Something like this : https://www.amazon.com/Rubbermaid-B...2314724&sr=1-5&keywords=rubbermaid+brilliance

Reactions: Agree 1


----------



## basin79 (Dec 3, 2017)

Ratmosphere said:


> Is it safe to store frozen pinky mice or small frozen mice in the freezer with frozen food? Should I buy a separate freezer for them to be safe?


Absolutely nowt wrong with it. I do it. Sod buying a separate fridge. Just keep them wrapped up. I don't even bother using a separate drawer.

Reactions: Agree 1


----------



## Anoplogaster (Dec 3, 2017)

As long as the mice are from a good source, it’s no different from human food. 

Just like storing any raw meats, be sure to keep it away from your cooked stuff and ice cream.
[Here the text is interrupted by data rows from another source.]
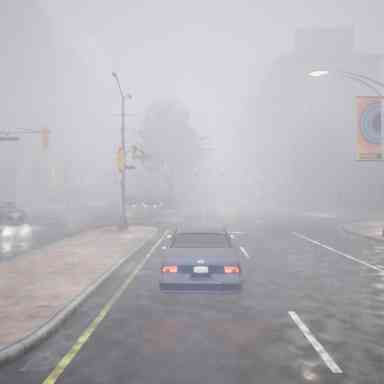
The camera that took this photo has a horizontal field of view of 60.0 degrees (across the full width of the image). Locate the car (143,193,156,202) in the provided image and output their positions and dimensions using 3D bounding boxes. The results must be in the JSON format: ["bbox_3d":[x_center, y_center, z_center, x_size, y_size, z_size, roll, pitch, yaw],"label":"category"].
[{"bbox_3d":[-10.036,1.225,78.741,2.150,2.045,5.566,0,0,1],"label":"car"}]

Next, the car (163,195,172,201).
[{"bbox_3d":[-6.387,1.478,86.642,1.882,1.535,5.008,0,0,1],"label":"car"}]

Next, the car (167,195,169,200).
[{"bbox_3d":[-6.577,1.525,76.548,2.128,1.511,4.902,0,0,1],"label":"car"}]

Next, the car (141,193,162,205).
[{"bbox_3d":[-7.006,1.352,58.003,2.097,1.767,4.553,0,0,1],"label":"car"}]

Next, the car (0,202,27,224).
[{"bbox_3d":[-13.947,1.491,24.941,2.128,1.511,4.902,1,0,-44],"label":"car"}]

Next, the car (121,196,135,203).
[{"bbox_3d":[-13.453,1.595,69.845,1.895,1.301,4.718,0,0,1],"label":"car"}]

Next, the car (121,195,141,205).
[{"bbox_3d":[-10.506,1.352,57.881,2.097,1.767,4.553,0,0,1],"label":"car"}]

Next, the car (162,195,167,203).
[{"bbox_3d":[-6.788,1.352,66.775,2.097,1.767,4.553,0,0,1],"label":"car"}]

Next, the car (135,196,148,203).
[{"bbox_3d":[-10.244,1.505,68.056,1.837,1.490,4.892,0,0,1],"label":"car"}]

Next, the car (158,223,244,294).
[{"bbox_3d":[0.231,1.547,8.949,2.033,1.411,5.357,0,0,1],"label":"car"}]
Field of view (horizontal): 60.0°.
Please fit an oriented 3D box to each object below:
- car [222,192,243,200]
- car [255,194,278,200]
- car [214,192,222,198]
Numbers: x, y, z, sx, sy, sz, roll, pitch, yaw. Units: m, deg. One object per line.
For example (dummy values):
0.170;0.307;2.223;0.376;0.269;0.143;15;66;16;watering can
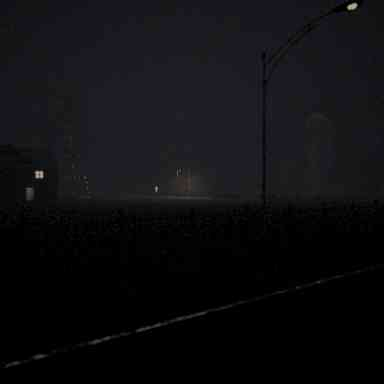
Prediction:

Should have its own tub or tray to prevent any leaked fluids from contaminating everything else. Again, this applies to ALL raw meats.

Stay safe


----------



## Tim Benzedrine (Dec 3, 2017)

It's fine. I do keep mine separated from the rest of the foodstuffs by placing them in the freezer door shelf, but that is simply for the convenience. I place all non-edibles such as ice-packs there. I use doubled ziplock bags mainly to avoid as much air getting to the mice as possible. Helps prevent freezer-burn.

Reactions: Agree 1


----------



## Mojo288 (Dec 9, 2017)

Besides family freaking out when it's opened by mistake, you have no issues. I used to keep mine in a marked paper bag just so no one would freak lol.

Reactions: Funny 1


----------



## The Snark (Dec 9, 2017)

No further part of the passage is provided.